[Stored entries]
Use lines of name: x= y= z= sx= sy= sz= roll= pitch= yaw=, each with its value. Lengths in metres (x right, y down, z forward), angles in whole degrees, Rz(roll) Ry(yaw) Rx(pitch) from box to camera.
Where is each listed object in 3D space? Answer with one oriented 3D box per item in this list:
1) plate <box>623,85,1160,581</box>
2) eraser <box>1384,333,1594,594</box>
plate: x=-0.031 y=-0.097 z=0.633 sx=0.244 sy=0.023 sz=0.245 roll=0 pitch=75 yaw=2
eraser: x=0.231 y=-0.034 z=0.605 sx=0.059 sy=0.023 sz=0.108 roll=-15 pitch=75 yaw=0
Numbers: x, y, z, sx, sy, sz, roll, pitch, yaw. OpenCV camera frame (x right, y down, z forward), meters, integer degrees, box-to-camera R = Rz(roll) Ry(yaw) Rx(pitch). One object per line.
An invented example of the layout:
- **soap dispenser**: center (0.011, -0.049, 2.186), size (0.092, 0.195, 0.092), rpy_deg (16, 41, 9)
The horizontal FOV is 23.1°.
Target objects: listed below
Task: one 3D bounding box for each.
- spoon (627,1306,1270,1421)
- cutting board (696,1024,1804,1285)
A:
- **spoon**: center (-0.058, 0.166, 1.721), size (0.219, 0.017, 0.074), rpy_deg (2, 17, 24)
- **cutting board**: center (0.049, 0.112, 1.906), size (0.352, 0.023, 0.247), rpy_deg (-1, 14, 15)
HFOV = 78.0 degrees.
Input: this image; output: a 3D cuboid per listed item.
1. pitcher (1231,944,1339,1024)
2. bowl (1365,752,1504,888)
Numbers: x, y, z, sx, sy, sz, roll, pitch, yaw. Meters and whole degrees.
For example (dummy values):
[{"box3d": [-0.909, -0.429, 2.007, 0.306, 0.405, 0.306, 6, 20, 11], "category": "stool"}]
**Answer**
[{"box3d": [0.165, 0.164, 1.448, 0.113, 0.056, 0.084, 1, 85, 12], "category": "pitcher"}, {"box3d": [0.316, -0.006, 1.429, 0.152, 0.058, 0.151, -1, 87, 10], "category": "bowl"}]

Exercise aim: Exactly as shown above, return all of the entries.

Answer area:
Use lines of name: x= y= z= sx= sy= sz= roll= pitch= yaw=, each with its value. Lengths in metres (x right, y down, z forward), angles in whole degrees, Rz(roll) Ry(yaw) Rx(pitch) from box to camera.
Where is each listed object in 3D space? Answer with one oriented 3D box per item in this list:
1) plate <box>623,85,1160,581</box>
2) eraser <box>1384,333,1594,594</box>
plate: x=-0.031 y=-0.097 z=0.633 sx=0.244 sy=0.023 sz=0.245 roll=0 pitch=75 yaw=2
eraser: x=0.231 y=-0.034 z=0.605 sx=0.059 sy=0.023 sz=0.108 roll=-15 pitch=75 yaw=0
Numbers: x, y, z, sx, sy, sz, roll, pitch, yaw. OpenCV camera frame (x right, y down, z forward), meters, integer degrees, box-to-camera R = Rz(roll) Ry(yaw) Rx(pitch). One object per line.
An invented example of the layout:
- **soap dispenser**: center (0.011, -0.049, 2.186), size (0.092, 0.195, 0.092), rpy_deg (16, 41, 9)
The horizontal FOV is 23.1°.
Target objects: listed below
Task: one 3D bounding box for each.
- spoon (627,1306,1270,1421)
- cutting board (696,1024,1804,1285)
A:
- **spoon**: center (-0.058, 0.166, 1.721), size (0.219, 0.017, 0.074), rpy_deg (2, 17, 24)
- **cutting board**: center (0.049, 0.112, 1.906), size (0.352, 0.023, 0.247), rpy_deg (-1, 14, 15)
HFOV = 78.0 degrees.
Input: this image; output: a 3D cuboid per listed item.
1. pitcher (1231,944,1339,1024)
2. bowl (1365,752,1504,888)
Numbers: x, y, z, sx, sy, sz, roll, pitch, yaw. Meters and whole degrees.
For example (dummy values):
[{"box3d": [-0.909, -0.429, 2.007, 0.306, 0.405, 0.306, 6, 20, 11], "category": "stool"}]
**Answer**
[{"box3d": [0.165, 0.164, 1.448, 0.113, 0.056, 0.084, 1, 85, 12], "category": "pitcher"}, {"box3d": [0.316, -0.006, 1.429, 0.152, 0.058, 0.151, -1, 87, 10], "category": "bowl"}]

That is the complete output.